Epic Y Grade Pipeline LP, a subsidiary of Epic Y Grade Services LP and Epic Midstream Holdings LP, has agreed with BP Energy Co., a subsidiary of BP PLC, for the latter to anchor a 650-mile NGL pipeline liking the Permian and Eagle Ford regions to Gulf Coast refiners, petrochemical companies, and export markets (Fig. 2).
Construction already has begun on the Epic NGL Pipeline, which will have throughput capacity of at least 220,000 b/d with multiple origin points in the Delaware and Midland basins. Destinations will include interconnects near Orla, Benedum, and Corpus Christi, Tex., where Epic's affiliate plans to build a complex with multiple 100,000-b/d fractionators. Epic plans to reach full capacity in 2019.
Enterprise Products Partners likewise plans to have its 250,000 b/d Shin Oak NGL pipeline in service by 2019, running 571 miles of 24-in. OD pipe from the Permian to the US Gulf Coast.
Tellurian Inc. plans to develop a natural gas pipeline network consisting of the previously announced Driftwood Pipeline (DWPL) and two other lines. DWPL, a 96-mile, 48-in. OD pipeline, is expected to be in-service mid-2021, delivering 4 bcfd from Gillis, La., to Driftwood LNG. DWPL is in permitting with FERC.
Tellurian's Permian Global Access Pipeline would be a 625-mile, 42-in. OD pipeline transporting 2 bcfd from the Waha Hub in Pecos County, Tex., and Permian and associated shale plays around Midland, Tex. to interconnects near Gillis, La. Proposed delivery systems include the Creole Trail Pipeline, Cameron Interstate Pipeline, Trunkline Gas Co., Texas Eastern, Transco, Tennessee Gas Pipeline, Florida Gas Transmission, and DWPL, among others.
The company's Haynesville Global Access Pipeline would cross 200 miles with 42-in. OD pipeline, transporting an additional 2 bcfd to the same interstate pipelines near Gillis. Both of these lines are expected to enter in service during 2022.
NAmerico Partners LP's proposed Pecos Trail pipeline would ship more than 1.85 bcfd through 468 miles of 42-in. OD pipe from the Permian basin to Corpus Christi by 2020.
Enbridge Inc.'s $7.5-billion Line 3 Replacement (L3R) Program, which the company describes as its largest project ever, faces continued delays. L3R will replace the majority of Enbridge's existing 34-in. OD Line 3 crude pipeline with new 36-in. OD pipeline on both sides of the Canada-US border, a total of 1,031 miles, doubling its capacity to 760,000 b/d.
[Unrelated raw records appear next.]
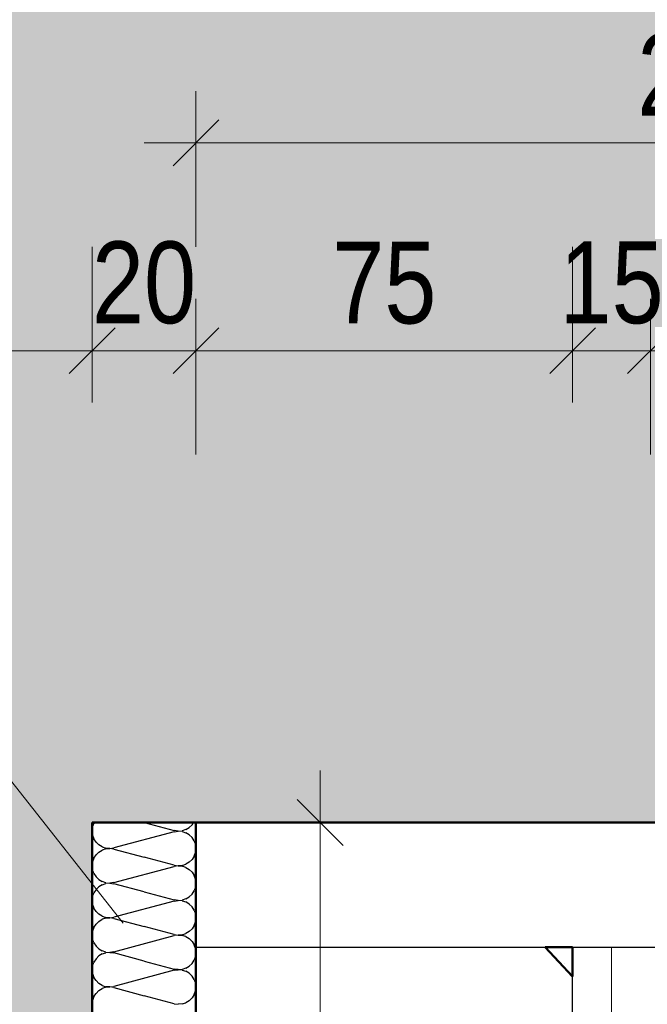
# Model space of a CAD drawing. Header units: millimetres. Extents: x 0 to 6.08, y 0 to 5.27.
# Tile 40 of 54: x 2.23 to 2.35, y 3.67 to 3.86. Entities that reach past the tile are written whole.
import ezdxf

# ---------------------------------------------------------------- set-up
doc = ezdxf.new("R2010")
doc.units = ezdxf.units.MM
doc.styles.add('Arial Narrow', font='ARIALN.TTF')
doc.dimstyles.new('Arch_Strakon_dimstyle', dxfattribs={"dimtxt": 1.575, "dimasz": 1, "dimexe": 1.25, "dimexo": 0.0625, "dimgap": 1, "dimtad": 0, "dimdec": 5, "dimzin": 12, "dimdsep": 46, "dimtxsty": 'Arial Narrow', "dimblk": 'Arrowhead_Tick', "dimsah": 1, "dimcen": 0, "dimse1": 1, "dimse2": 1, "dimclrd": 6, "dimclrt": 2, "dimazin": 0, "dimtfac": 1, "dimtdec": 4, "dimtmove": 0, "dimatfit": 3, "dimldrblk": 'NONE', "dimfxl": 1, "dimtvp": 1, "dimtolj": 1, "dimtzin": 0, "dimlwd": 13, "dimarcsym": 2})

# ---------------------------------------------------------------- blocks, each defined once
blk = doc.blocks.new('Hatch_2_41')
at = {"color": 10, "linetype": 'Continuous'}
for p, q in [((2.24184, 3.70869), (2.24171, 3.70849)), ((2.25137, 3.70869), (2.25718, 3.70713)), ((2.26061, 3.70824), (2.2609, 3.70869)), ((2.24146, 3.70778), (2.24137, 3.70702)), ((2.24146, 3.70626), (2.24137, 3.70702)), ((2.24146, 3.70778), (2.24171, 3.70849)), ((2.25717, 3.70691), (2.24557, 3.7038)), ((2.25717, 3.70691), (2.25793, 3.70702)), ((2.25793, 3.70702), (2.25718, 3.70713)), ((2.25793, 3.70702), (2.25869, 3.70708)), ((2.25869, 3.70696), (2.25793, 3.70702)), ((2.25941, 3.70732), (2.25869, 3.70708)), ((2.25869, 3.70696), (2.25941, 3.70672)), ((2.25941, 3.70732), (2.26007, 3.70771)), ((2.26007, 3.70633), (2.25941, 3.70672)), ((2.26061, 3.70824), (2.26007, 3.70771)), ((2.26137, 3.70702), (2.26137, 3.70702)), ((2.26137, 3.70702), (2.26137, 3.70702)), ((2.24146, 3.70626), (2.24171, 3.70555)), ((2.24213, 3.70491), (2.24171, 3.70555)), ((2.24213, 3.70491), (2.24267, 3.70438)), ((2.26007, 3.70633), (2.26062, 3.7058)), ((2.26103, 3.70516), (2.26062, 3.7058)), ((2.26103, 3.70516), (2.26128, 3.70444)), ((2.24267, 3.703), (2.24213, 3.70247)), ((2.24333, 3.70398), (2.24267, 3.70438)), ((2.24267, 3.703), (2.24333, 3.70339)), ((2.24333, 3.70398), (2.24405, 3.70375)), ((2.24405, 3.70362), (2.24333, 3.70339)), ((2.24481, 3.70369), (2.24405, 3.70375)), ((2.24405, 3.70362), (2.24481, 3.70368)), ((2.24481, 3.70369), (2.24557, 3.7038)), ((2.24556, 3.70357), (2.24481, 3.70368)), ((2.24556, 3.70357), (2.25137, 3.70202)), ((2.26103, 3.70221), (2.26128, 3.70293)), ((2.26137, 3.70369), (2.26128, 3.70444)), ((2.26137, 3.70369), (2.26128, 3.70293)), ((2.24137, 3.70035), (2.24146, 3.70111)), ((2.24171, 3.70183), (2.24146, 3.70111)), ((2.24171, 3.70183), (2.24213, 3.70247)), ((2.25718, 3.70047), (2.25137, 3.70202)), ((2.26007, 3.70104), (2.25941, 3.70065)), ((2.26007, 3.70104), (2.26061, 3.70157)), ((2.26103, 3.70221), (2.26061, 3.70157)), ((2.24137, 3.70035), (2.24146, 3.6996)), ((2.24171, 3.69888), (2.24146, 3.6996)), ((2.24557, 3.69713), (2.25717, 3.70024)), ((2.25793, 3.70035), (2.25717, 3.70024)), ((2.25718, 3.70047), (2.25793, 3.70036)), ((2.25869, 3.70042), (2.25793, 3.70036)), ((2.25793, 3.70035), (2.25869, 3.70029)), ((2.25869, 3.70042), (2.25941, 3.70065)), ((2.25941, 3.70006), (2.25869, 3.70029)), ((2.25941, 3.70006), (2.26007, 3.69966)), ((2.26062, 3.69913), (2.26007, 3.69966)), ((2.26062, 3.69913), (2.26103, 3.69849)), ((2.26137, 3.70035), (2.26137, 3.70035)), ((2.26137, 3.70035), (2.26137, 3.70035)), ((2.24171, 3.69888), (2.24213, 3.69824)), ((2.24267, 3.69771), (2.24213, 3.69824)), ((2.24267, 3.69771), (2.24333, 3.69732)), ((2.24405, 3.69708), (2.24333, 3.69732)), ((2.24557, 3.69713), (2.24481, 3.69702)), ((2.26128, 3.69778), (2.26103, 3.69849)), ((2.26128, 3.69778), (2.26137, 3.69702)), ((2.24213, 3.6958), (2.24171, 3.69516)), ((2.24213, 3.6958), (2.24267, 3.69633)), ((2.24333, 3.69672), (2.24267, 3.69633)), ((2.24333, 3.69672), (2.24405, 3.69696)), ((2.24405, 3.69708), (2.24481, 3.69702)), ((2.24481, 3.69702), (2.24405, 3.69696)), ((2.24481, 3.69702), (2.24556, 3.69691)), ((2.25137, 3.69535), (2.24556, 3.69691)), ((2.25137, 3.69535), (2.25718, 3.6938)), ((2.26061, 3.69491), (2.26103, 3.69555)), ((2.26128, 3.69626), (2.26103, 3.69555)), ((2.26128, 3.69626), (2.26137, 3.69702)), ((2.24146, 3.69444), (2.24137, 3.69369)), ((2.24146, 3.69293), (2.24137, 3.69369)), ((2.24146, 3.69444), (2.24171, 3.69516)), ((2.25717, 3.69357), (2.24557, 3.69047)), ((2.25717, 3.69357), (2.25793, 3.69369)), ((2.25793, 3.69369), (2.25718, 3.6938)), ((2.25793, 3.69369), (2.25869, 3.69375)), ((2.25869, 3.69362), (2.25793, 3.69369)), ((2.25941, 3.69398), (2.25869, 3.69375)), ((2.25869, 3.69362), (2.25941, 3.69339)), ((2.25941, 3.69398), (2.26007, 3.69438)), ((2.26007, 3.693), (2.25941, 3.69339)), ((2.26061, 3.69491), (2.26007, 3.69438)), ((2.26137, 3.69369), (2.26137, 3.69369)), ((2.26137, 3.69369), (2.26137, 3.69369)), ((2.24146, 3.69293), (2.24171, 3.69221)), ((2.24213, 3.69157), (2.24171, 3.69221)), ((2.24213, 3.69157), (2.24267, 3.69104)), ((2.26007, 3.693), (2.26062, 3.69247)), ((2.26103, 3.69183), (2.26062, 3.69247)), ((2.26103, 3.69183), (2.26128, 3.69111)), ((2.24267, 3.68966), (2.24213, 3.68913)), ((2.24333, 3.69065), (2.24267, 3.69104)), ((2.24267, 3.68966), (2.24333, 3.69006)), ((2.24333, 3.69065), (2.24405, 3.69042)), ((2.24405, 3.69029), (2.24333, 3.69006)), ((2.24481, 3.69035), (2.24405, 3.69042)), ((2.24405, 3.69029), (2.24481, 3.69035)), ((2.24481, 3.69035), (2.24557, 3.69047)), ((2.24556, 3.69024), (2.24481, 3.69035)), ((2.24556, 3.69024), (2.25137, 3.68869)), ((2.26103, 3.68888), (2.26128, 3.6896)), ((2.26137, 3.69035), (2.26128, 3.69111)), ((2.26137, 3.69035), (2.26128, 3.6896)), ((2.24137, 3.68702), (2.24146, 3.68778)), ((2.24171, 3.68849), (2.24146, 3.68778)), ((2.24171, 3.68849), (2.24213, 3.68913)), ((2.25718, 3.68713), (2.25137, 3.68869)), ((2.26007, 3.68771), (2.25941, 3.68732)), ((2.26007, 3.68771), (2.26061, 3.68824)), ((2.26103, 3.68888), (2.26061, 3.68824)), ((2.24137, 3.68702), (2.24146, 3.68626)), ((2.24171, 3.68555), (2.24146, 3.68626)), ((2.24557, 3.6838), (2.25717, 3.68691)), ((2.25793, 3.68702), (2.25717, 3.68691)), ((2.25718, 3.68713), (2.25793, 3.68702)), ((2.25869, 3.68708), (2.25793, 3.68702)), ((2.25793, 3.68702), (2.25869, 3.68696)), ((2.25869, 3.68708), (2.25941, 3.68732)), ((2.25941, 3.68672), (2.25869, 3.68696)), ((2.25941, 3.68672), (2.26007, 3.68633)), ((2.26062, 3.6858), (2.26007, 3.68633)), ((2.26062, 3.6858), (2.26103, 3.68516)), ((2.26137, 3.68702), (2.26137, 3.68702)), ((2.26137, 3.68702), (2.26137, 3.68702)), ((2.24171, 3.68555), (2.24213, 3.68491)), ((2.24267, 3.68438), (2.24213, 3.68491)), ((2.24267, 3.68438), (2.24333, 3.68398)), ((2.24405, 3.68375), (2.24333, 3.68398)), ((2.26128, 3.68444), (2.26103, 3.68516)), ((2.26128, 3.68444), (2.26137, 3.68369)), ((2.24213, 3.68247), (2.24171, 3.68183)), ((2.24213, 3.68247), (2.24267, 3.683)), ((2.24333, 3.68339), (2.24267, 3.683)), ((2.24333, 3.68339), (2.24405, 3.68362)), ((2.24405, 3.68375), (2.24481, 3.68369)), ((2.24481, 3.68368), (2.24405, 3.68362)), ((2.24557, 3.6838), (2.24481, 3.68369)), ((2.24481, 3.68368), (2.24556, 3.68357)), ((2.25137, 3.68202), (2.24556, 3.68357)), ((2.25137, 3.68202), (2.25718, 3.68047)), ((2.26061, 3.68157), (2.26103, 3.68221)), ((2.26128, 3.68293), (2.26103, 3.68221)), ((2.26128, 3.68293), (2.26137, 3.68369)), ((2.24146, 3.68111), (2.24137, 3.68035)), ((2.24146, 3.6796), (2.24137, 3.68035)), ((2.24146, 3.68111), (2.24171, 3.68183)), ((2.25717, 3.68024), (2.24557, 3.67713)), ((2.25717, 3.68024), (2.25793, 3.68035)), ((2.25793, 3.68036), (2.25718, 3.68047)), ((2.25793, 3.68036), (2.25869, 3.68042)), ((2.25869, 3.68029), (2.25793, 3.68035)), ((2.25941, 3.68065), (2.25869, 3.68042)), ((2.25869, 3.68029), (2.25941, 3.68006)), ((2.25941, 3.68065), (2.26007, 3.68104)), ((2.26061, 3.68157), (2.26007, 3.68104)), ((2.26137, 3.68035), (2.26137, 3.68035)), ((2.26137, 3.68035), (2.26137, 3.68035)), ((2.24146, 3.6796), (2.24171, 3.67888)), ((2.24213, 3.67824), (2.24171, 3.67888)), ((2.24213, 3.67824), (2.24267, 3.67771)), ((2.26007, 3.67966), (2.25941, 3.68006)), ((2.26007, 3.67966), (2.26062, 3.67913)), ((2.26103, 3.67849), (2.26062, 3.67913)), ((2.26103, 3.67849), (2.26128, 3.67778)), ((2.24267, 3.67633), (2.24213, 3.6758)), ((2.24333, 3.67732), (2.24267, 3.67771)), ((2.24267, 3.67633), (2.24333, 3.67672)), ((2.24333, 3.67732), (2.24405, 3.67708)), ((2.24405, 3.67696), (2.24333, 3.67672)), ((2.24481, 3.67702), (2.24405, 3.67708)), ((2.24405, 3.67696), (2.24481, 3.67702)), ((2.24481, 3.67702), (2.24557, 3.67713)), ((2.24556, 3.67691), (2.24481, 3.67702)), ((2.24556, 3.67691), (2.25137, 3.67535)), ((2.26137, 3.67702), (2.26128, 3.67778)), ((2.26137, 3.67702), (2.26128, 3.67626)), ((2.24137, 3.67369), (2.24146, 3.67444)), ((2.24171, 3.67516), (2.24146, 3.67444)), ((2.24171, 3.67516), (2.24213, 3.6758)), ((2.25718, 3.6738), (2.25137, 3.67535)), ((2.26007, 3.67438), (2.26061, 3.67491)), ((2.26103, 3.67555), (2.26061, 3.67491)), ((2.26103, 3.67555), (2.26128, 3.67626)), ((2.25718, 3.6738), (2.25793, 3.67369)), ((2.25869, 3.67375), (2.25793, 3.67369)), ((2.25869, 3.67375), (2.25941, 3.67398)), ((2.26007, 3.67438), (2.25941, 3.67398)), ((2.26137, 3.67369), (2.26137, 3.67369))]:
    blk.add_line(p, q, dxfattribs=at)
blk = doc.blocks.new('Arrowhead_Tick')
at = {"color": 0, "linetype": 'Continuous', "lineweight": -2, "ltscale": 0.2}
for p, q in [((0, 2), (0, -1)), ((-1, 0), (0, 0)), ((1, 0), (0, 0))]:
    blk.add_line(p, q, dxfattribs=at)
at = {"color": 2, "linetype": 'Continuous', "lineweight": 35, "ltscale": 0.2}
blk.add_line((0.442, 0.442), (-0.442, -0.442), dxfattribs=at)
blk = doc.blocks.new('*D95')
at = {"color": 6, "linetype": 'Continuous', "lineweight": 13}
blk.add_line((2.28528, 3.51869), (2.28528, 3.69869), dxfattribs=at)
at = {"layer": 'Defpoints', "color": 0}
for p in [(2.28528, 3.70869), (2.46137, 3.70869), (2.46137, 3.50869)]:
    blk.add_point(p, dxfattribs=at)
at = {"color": 6, "lineweight": 13, "xscale": 0.01, "yscale": 0.01, "zscale": 0.01}
for p, rotation in [((2.28528, 3.70869), 90), ((2.28528, 3.50869), 270)]:
    blk.add_blockref('Arrowhead_Tick', p, dxfattribs=dict(at, rotation=rotation))
at = {"color": 2, "lineweight": 35, "insert": (2.27224, 3.60869), "char_height": 0.01575, "attachment_point": 5, "rotation": 90, "style": 'Arial Narrow'}
blk.add_mtext('\\A1;200', dxfattribs=at)
blk = doc.blocks.new('_None')
blk = doc.blocks.new('*D101')
at = {"color": 6, "linetype": 'Continuous', "lineweight": 13}
for p, q in [((2.23137, 3.79955), (2.22137, 3.79955)), ((2.24137, 3.79955), (2.26137, 3.79955)), ((2.27137, 3.79955), (2.28137, 3.79955))]:
    blk.add_line(p, q, dxfattribs=at)
at = {"layer": 'Defpoints', "color": 0}
for p in [(2.26137, 3.79955), (2.24137, 3.70869), (2.26137, 3.70869)]:
    blk.add_point(p, dxfattribs=at)
at = {"color": 6, "lineweight": 13, "xscale": 0.01, "yscale": 0.01, "zscale": 0.01}
blk.add_blockref('Arrowhead_Tick', (2.24137, 3.79955), dxfattribs=at)
at = {"color": 6, "lineweight": 13, "xscale": 0.01, "yscale": 0.01, "zscale": 0.01, "rotation": 180}
blk.add_blockref('Arrowhead_Tick', (2.26137, 3.79955), dxfattribs=at)
at = {"color": 2, "lineweight": 35, "insert": (2.25137, 3.81259), "char_height": 0.01575, "attachment_point": 5, "style": 'Arial Narrow'}
blk.add_mtext('\\A1;20', dxfattribs=at)
blk = doc.blocks.new('*D102')
at = {"color": 6, "linetype": 'Continuous', "lineweight": 13}
blk.add_line((2.27137, 3.79955), (2.32387, 3.79955), dxfattribs=at)
at = {"layer": 'Defpoints', "color": 0}
for p in [(2.33387, 3.79955), (2.26137, 3.70869), (2.33387, 3.68469)]:
    blk.add_point(p, dxfattribs=at)
at = {"color": 6, "lineweight": 13, "xscale": 0.01, "yscale": 0.01, "zscale": 0.01}
blk.add_blockref('Arrowhead_Tick', (2.33387, 3.79955), dxfattribs=at)
at = {"color": 6, "lineweight": 13, "xscale": 0.01, "yscale": 0.01, "zscale": 0.01, "rotation": 180}
blk.add_blockref('Arrowhead_Tick', (2.26137, 3.79955), dxfattribs=at)
at = {"color": 2, "lineweight": 35, "insert": (2.29762, 3.81256), "char_height": 0.01575, "attachment_point": 5, "style": 'Arial Narrow'}
blk.add_mtext('\\A1;75', dxfattribs=at)
blk = doc.blocks.new('*D104')
at = {"color": 6, "linetype": 'Continuous', "lineweight": 13}
for p, q in [((2.32387, 3.79955), (2.31387, 3.79955)), ((2.33387, 3.79955), (2.34887, 3.79955)), ((2.35887, 3.79955), (2.36887, 3.79955))]:
    blk.add_line(p, q, dxfattribs=at)
at = {"layer": 'Defpoints', "color": 0}
for p in [(2.34887, 3.79955), (2.33387, 3.68469), (2.34887, 3.68469)]:
    blk.add_point(p, dxfattribs=at)
at = {"color": 6, "lineweight": 13, "xscale": 0.01, "yscale": 0.01, "zscale": 0.01}
blk.add_blockref('Arrowhead_Tick', (2.33387, 3.79955), dxfattribs=at)
at = {"color": 6, "lineweight": 13, "xscale": 0.01, "yscale": 0.01, "zscale": 0.01, "rotation": 180}
blk.add_blockref('Arrowhead_Tick', (2.34887, 3.79955), dxfattribs=at)
at = {"color": 2, "lineweight": 35, "insert": (2.34137, 3.81259), "char_height": 0.01575, "attachment_point": 5, "style": 'Arial Narrow'}
blk.add_mtext('\\A1;15', dxfattribs=at)
blk = doc.blocks.new('*D105')
at = {"color": 6, "linetype": 'Continuous', "lineweight": 13}
blk.add_line((2.35887, 3.79955), (2.45137, 3.79955), dxfattribs=at)
at = {"layer": 'Defpoints', "color": 0}
for p in [(2.46137, 3.79955), (2.46137, 3.70869), (2.34887, 3.68469)]:
    blk.add_point(p, dxfattribs=at)
at = {"color": 6, "lineweight": 13, "xscale": 0.01, "yscale": 0.01, "zscale": 0.01}
blk.add_blockref('Arrowhead_Tick', (2.46137, 3.79955), dxfattribs=at)
at = {"color": 6, "lineweight": 13, "xscale": 0.01, "yscale": 0.01, "zscale": 0.01, "rotation": 180}
blk.add_blockref('Arrowhead_Tick', (2.34887, 3.79955), dxfattribs=at)
at = {"color": 2, "lineweight": 35, "insert": (2.40512, 3.81259), "char_height": 0.01575, "attachment_point": 5, "style": 'Arial Narrow'}
blk.add_mtext('\\A1;115', dxfattribs=at)
blk = doc.blocks.new('*D117')
at = {"color": 6, "linetype": 'Continuous', "lineweight": 13}
blk.add_line((2.27137, 3.83955), (2.45137, 3.83955), dxfattribs=at)
at = {"layer": 'Defpoints', "color": 0}
for p in [(2.46137, 3.83955), (2.26137, 3.70869), (2.46137, 3.70869)]:
    blk.add_point(p, dxfattribs=at)
at = {"color": 6, "lineweight": 13, "xscale": 0.01, "yscale": 0.01, "zscale": 0.01}
blk.add_blockref('Arrowhead_Tick', (2.46137, 3.83955), dxfattribs=at)
at = {"color": 6, "lineweight": 13, "xscale": 0.01, "yscale": 0.01, "zscale": 0.01, "rotation": 180}
blk.add_blockref('Arrowhead_Tick', (2.26137, 3.83955), dxfattribs=at)
at = {"color": 2, "lineweight": 35, "insert": (2.36137, 3.85259), "char_height": 0.01575, "attachment_point": 5, "style": 'Arial Narrow'}
blk.add_mtext('\\A1;200', dxfattribs=at)

msp = doc.modelspace()

# ---------------------------------------------------------------- hatches: boundary and pattern name
at = {"lineweight": 18, "true_color": 0xceffce}
msp.add_hatch(color=254, dxfattribs=at).paths.add_polyline_path([(3.188665, 3.888687), (3.19067, 3.708687), (2.492018, 3.708687), (2.486372, 3.713993), (2.486372, 3.718687), (2.461372, 3.718687), (2.461372, 3.713993), (2.455725, 3.708687), (2.241372, 3.708687), (2.241372, 3.638687), (1.918547, 3.638687), (1.918547, 3.888687)])
at = {"lineweight": 18}
h = msp.add_hatch(dxfattribs=at)
h.set_pattern_fill('punkt', color=5, scale=0.01, angle=45, style=0, pattern_type=2)
h.set_pattern_definition([(45, (0, 0), (-0.0031819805, 0.0031819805), [0, -0.0075])])
h.paths.add_polyline_path([(2.333872, 3.67904), (2.333872, 3.684687), (2.328566, 3.684687)])

# ---------------------------------------------------------------- linework, layer by layer
at = {"color": 6, "linetype": 'Continuous', "lineweight": 13}
msp.add_line((2.178213, 3.777017), (2.247333, 3.689316), dxfattribs=at)
at = {"color": 4, "linetype": 'Continuous', "lineweight": 50}
for p, q in [((2.241372, 3.708687), (2.241372, 3.638687)), ((2.461372, 3.708687), (2.241372, 3.708687)), ((2.261372, 3.708687), (2.261372, 3.638687)), ((2.333872, 3.67904), (2.328566, 3.684687)), ((2.333872, 3.684687), (2.328566, 3.684687)), ((2.333872, 3.67904), (2.333872, 3.684687))]:
    msp.add_line(p, q, dxfattribs=at)
at = {"color": 3, "linetype": 'Continuous', "lineweight": 25}
for p, q in [((2.261372, 3.708687), (2.461372, 3.708687)), ((2.261372, 3.708687), (2.261372, 3.508687)), ((2.261372, 3.684687), (2.461372, 3.684687)), ((2.333872, 3.532687), (2.333872, 3.684687))]:
    msp.add_line(p, q, dxfattribs=at)
at = {"color": 9, "linetype": 'Continuous', "lineweight": 0}
msp.add_line((2.341372, 3.532687), (2.341372, 3.684687), dxfattribs=at)

# ---------------------------------------------------------------- block references
at = {"color": 0, "lineweight": -2}
msp.add_blockref('Hatch_2_41', (0, 0), dxfattribs=at)

# ---------------------------------------------------------------- dimensions: what is measured, and where the dimension line sits
at = {"lineweight": 35}
for base, p1, p2, text, picture, middle in [((2.461372, 3.839549), (2.261372, 3.708687), (2.461372, 3.708687), '200', '*D117', (2.361372, 3.839549)), ((2.261372, 3.799549), (2.241372, 3.708687), (2.261372, 3.708687), '20', '*D101', (2.251372, 3.799549)), ((2.333872, 3.799549), (2.261372, 3.708687), (2.333872, 3.684687), '75', '*D102', (2.297622, 3.799549)), ((2.348872, 3.799549), (2.333872, 3.684687), (2.348872, 3.684687), '15', '*D104', (2.341372, 3.799549)), ((2.461372, 3.799549), (2.348872, 3.684687), (2.461372, 3.708687), '115', '*D105', (2.405122, 3.799549))]:
    dim = msp.add_linear_dim(base=base, p1=p1, p2=p2, text=text, dimstyle='Arch_Strakon_dimstyle', override={"dimscale": 0.01, "dimtxt": 1.575, "dimasz": 1, "dimgap": 0.5, "dimtad": 1, "dimjust": 0, "dimtih": 0, "dimtoh": 0, "dimdec": 5, "dimdsep": 46, "dimtxsty": 'Arial Narrow', "dimclrd": 6, "dimclrt": 2, "dimtix": 1, "dimtofl": 255, "dimtmove": 0, "dimatfit": 2, "dimfxl": 0, "dimfxlon": 0, "dimtvp": 31.746032, "dimlwd": 13}, dxfattribs=at)
    dim.commit()
    dim.dimension.update_dxf_attribs({"geometry": picture, "text_midpoint": middle, "dimtype": 160})
dim = msp.add_linear_dim(base=(2.285282, 3.708687), p1=(2.461372, 3.508687), p2=(2.461372, 3.708687), angle=90, text='200', dimstyle='Arch_Strakon_dimstyle', override={"dimscale": 0.01, "dimtxt": 1.575, "dimasz": 1, "dimgap": 0.5, "dimtad": 1, "dimjust": 0, "dimtih": 0, "dimtoh": 0, "dimdec": 5, "dimdsep": 46, "dimtxsty": 'Arial Narrow', "dimclrd": 6, "dimclrt": 2, "dimtix": 1, "dimtofl": 255, "dimtmove": 0, "dimatfit": 2, "dimfxl": 0, "dimfxlon": 0, "dimtvp": 31.746032, "dimlwd": 13}, dxfattribs=at)
dim.commit()
dim.dimension.update_dxf_attribs({"geometry": '*D95', "text_midpoint": (2.285282, 3.608687), "dimtype": 160})

doc.saveas('drawing.dxf')

Enbridge will decommission the existing Line 3 once the new line is complete.
On the Canadian side of the border Enbridge will replace most of the existing Line 3 between its Hardisty Terminal in east-central Alberta and Gretna, Man. In the US, Enbridge will replace Line 3 between Neche, ND, and Superior, Wisc.
Canada's federal government approved L3R construction in late 2016 (OGJ Online, Nov. 30, 2016). Enbridge originally expected the new line to enter service second-half 2017, but the company in December 2017 described its start date as uncertain and perhaps as late as November 2019, given mounting resistance inside the US.
Canada also approved TransCanada's Trans Mountain Expansion project (TMEP) to move crude west from Alberta. The project would use 36-in. OD pipe to twin 980 km of its existing Trans Mountain pipeline. Even while granting the approval, however, Prime Minister Justin Trudeau said "we are under no illusion that the decision will [not] be bitterly disputed," recognizing the likelihood of continued protests and litigation (OGJ Online, Nov. 30, 2016).
TMEP will add 300,000 b/d of the Trans Mountain pipeline system, bringing total capacity to 890,000 b/d. The Westridge marine terminal at Trans Mountain's end in Burnaby, BC, will be expanded with three new berths. Storage additions will include 14 new tanks at an existing terminal in Burnaby and five new tanks at an existing terminal in Edmonton.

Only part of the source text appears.